= Universal White Brotherhood =

Spiritual movement founded in Bulgaria

The Universal White Brotherhood (UWB) is a cult founded in Bulgaria in 1897 by Peter Dunov. It was later established in France in 1937 by the so-called Omraam Mikhaël Aïvanhov, one of Deunov's followers.

Their teachings are also known as "Dunovism", after the founder. The group proposes a Christian esoterism, characterized by several practices, including prayers, meditation, breathing exercises, yoga of nutrition and paneurhythmy. A person can be both a member of the group and of another religion. It has two centers located in Sèvres and Fréjus and 2,000 followers in France. It is present in many countries, including Canada, Switzerland, and Belgium.

== Explanation of name ==
"Universal" refers to humans' ability to understand universal concepts about life. It speaks to the idea that people can expand their consciousness through concepts that extend beyond any one person or group.

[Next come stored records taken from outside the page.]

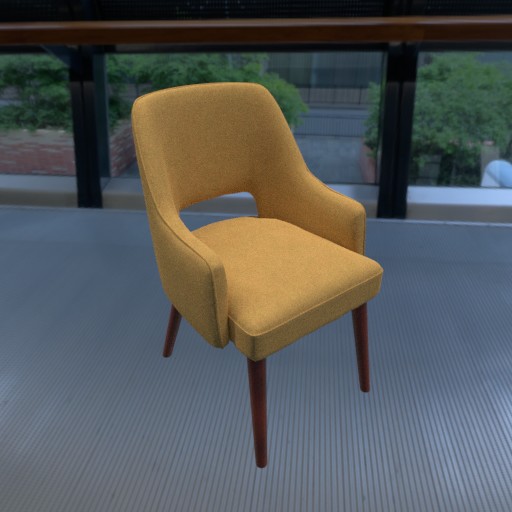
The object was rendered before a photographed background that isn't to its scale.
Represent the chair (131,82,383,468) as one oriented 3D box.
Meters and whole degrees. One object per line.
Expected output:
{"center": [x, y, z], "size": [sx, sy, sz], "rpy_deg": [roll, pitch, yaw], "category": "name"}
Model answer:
{"center": [0.000, 0.000, 1.260], "size": [0.548, 0.849, 0.605], "rpy_deg": [-21, 36, -33], "category": "chair"}

"White" refers to "the highest spiritual symbol, which is the synthesis of all colors, being the manifestations of the soul's virtues".

"Brotherhood" is meant to indicate that the UWB's teachings are for every human, regardless of community, religion, or group.

The Universal White Brotherhood believes that their cult is for everyone so that they can expand their consciousness and embrace a virtuous spirituality.

== History ==
In 1904, Deunov moved to Sofia, Bulgaria. He began holding weekly Sunday lectures, which continued until he died in 1944. The so-called school of the UWB was opened in 1922. Paneurhythmy began to develop in the 1930s, and Deunov began taking followers to the Rila Mountains during this decade.

The cult was banned in communist Bulgaria starting in 1944. In France, the cult achieved notability in the media in 1971. The 1995 and 1999 reports established by the Parliamentary Commission on Cults in France, as well as the 1997 reports issued by the Parliamentary Inquiry Commission in Belgium listed the group as a cult.

After Bulgaria's fall of communism in 1989, UWB was recognized as a religious sect.

== Pilgrimage ==
Every year, some members make a pilgrimage to the Rila Mountains in Bulgaria in August, where they perform paneurhythmy together to celebrate the new year. August 19 is believed to be the beginning of the divine year, and on this day the sun has "a special radiation". Shared lunches, lectures and concerts are also held.